DATA SUPPLIED:
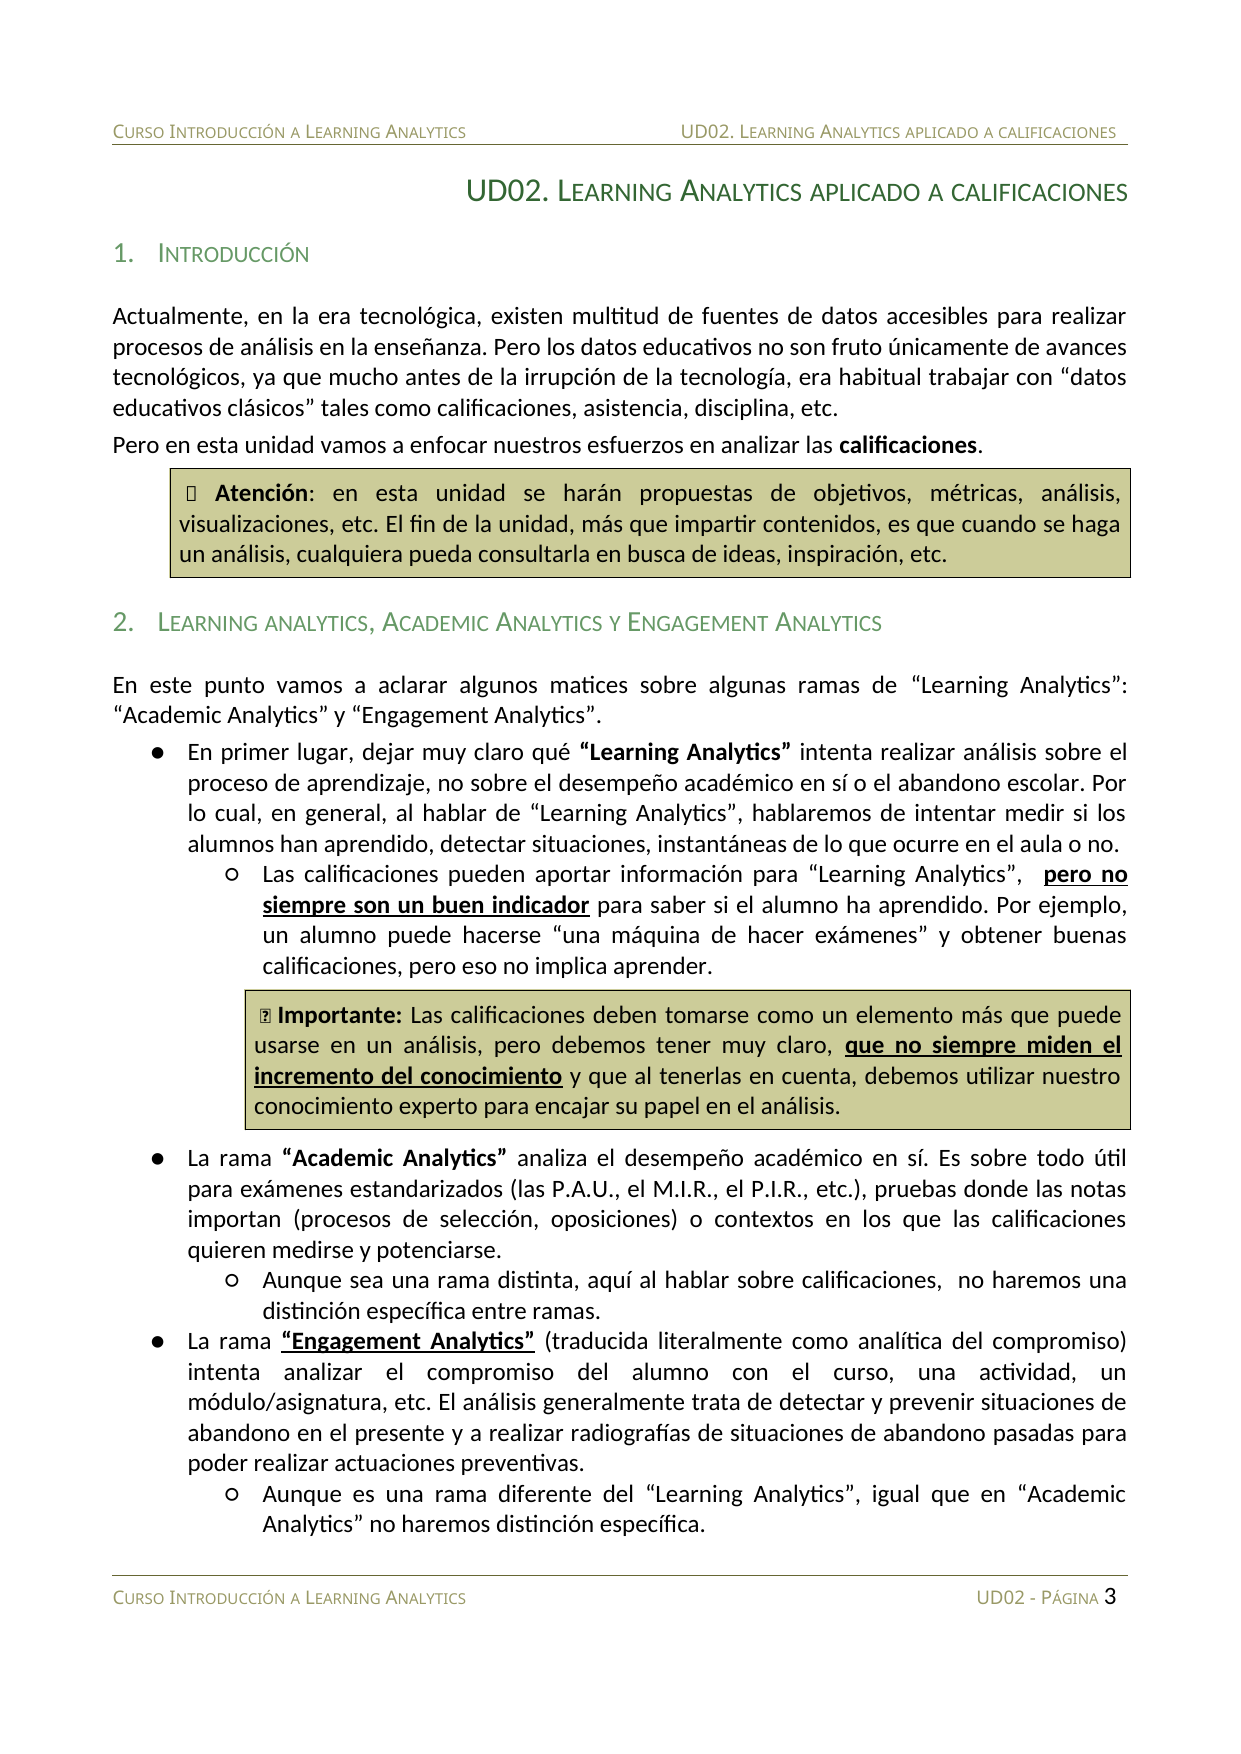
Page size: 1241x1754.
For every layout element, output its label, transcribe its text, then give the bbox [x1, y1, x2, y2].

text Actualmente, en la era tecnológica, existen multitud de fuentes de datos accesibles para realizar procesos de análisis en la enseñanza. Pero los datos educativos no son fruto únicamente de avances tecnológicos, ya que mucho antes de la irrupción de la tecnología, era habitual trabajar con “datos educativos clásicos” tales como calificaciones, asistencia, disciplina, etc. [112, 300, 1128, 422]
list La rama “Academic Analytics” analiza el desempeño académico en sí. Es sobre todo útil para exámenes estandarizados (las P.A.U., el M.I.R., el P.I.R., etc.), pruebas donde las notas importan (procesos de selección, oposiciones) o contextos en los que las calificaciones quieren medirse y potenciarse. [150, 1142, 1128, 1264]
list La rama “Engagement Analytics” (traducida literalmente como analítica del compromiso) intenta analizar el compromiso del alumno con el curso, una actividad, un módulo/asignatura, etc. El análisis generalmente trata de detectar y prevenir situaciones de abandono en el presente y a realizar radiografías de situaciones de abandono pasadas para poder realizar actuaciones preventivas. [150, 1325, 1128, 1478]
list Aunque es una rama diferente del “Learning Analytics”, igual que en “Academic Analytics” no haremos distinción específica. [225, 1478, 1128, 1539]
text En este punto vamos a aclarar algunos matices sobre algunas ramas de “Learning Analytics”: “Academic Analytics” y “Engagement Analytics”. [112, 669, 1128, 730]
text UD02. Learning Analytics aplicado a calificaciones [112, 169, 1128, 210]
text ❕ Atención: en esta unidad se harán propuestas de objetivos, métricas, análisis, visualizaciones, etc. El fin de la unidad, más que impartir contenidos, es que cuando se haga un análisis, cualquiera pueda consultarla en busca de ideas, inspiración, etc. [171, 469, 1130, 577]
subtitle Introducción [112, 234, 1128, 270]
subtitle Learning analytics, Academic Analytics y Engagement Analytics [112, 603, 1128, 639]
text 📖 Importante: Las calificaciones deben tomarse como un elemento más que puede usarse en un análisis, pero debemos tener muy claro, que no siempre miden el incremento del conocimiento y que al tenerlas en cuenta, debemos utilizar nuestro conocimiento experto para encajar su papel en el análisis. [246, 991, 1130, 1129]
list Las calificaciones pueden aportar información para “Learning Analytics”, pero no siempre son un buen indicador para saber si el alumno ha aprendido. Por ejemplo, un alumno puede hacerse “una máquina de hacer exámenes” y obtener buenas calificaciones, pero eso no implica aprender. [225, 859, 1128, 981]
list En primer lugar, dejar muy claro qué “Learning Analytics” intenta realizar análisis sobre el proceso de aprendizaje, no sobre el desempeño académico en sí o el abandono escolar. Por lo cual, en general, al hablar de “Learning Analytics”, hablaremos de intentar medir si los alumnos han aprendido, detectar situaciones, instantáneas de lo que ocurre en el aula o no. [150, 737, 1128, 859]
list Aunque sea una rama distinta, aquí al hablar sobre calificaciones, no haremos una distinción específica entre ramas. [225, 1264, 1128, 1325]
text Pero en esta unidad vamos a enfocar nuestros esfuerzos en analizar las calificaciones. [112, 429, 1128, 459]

WHAT YOU SHOULD DO: Which lines in the listing hold the word "Aunque"? Copy them out.

TASK RESPONSE:
list Aunque es una rama diferente del “Learning Analytics”, igual que en “Academic Analytics” no haremos distinción específica. [225, 1478, 1128, 1539]
list Aunque sea una rama distinta, aquí al hablar sobre calificaciones, no haremos una distinción específica entre ramas. [225, 1264, 1128, 1325]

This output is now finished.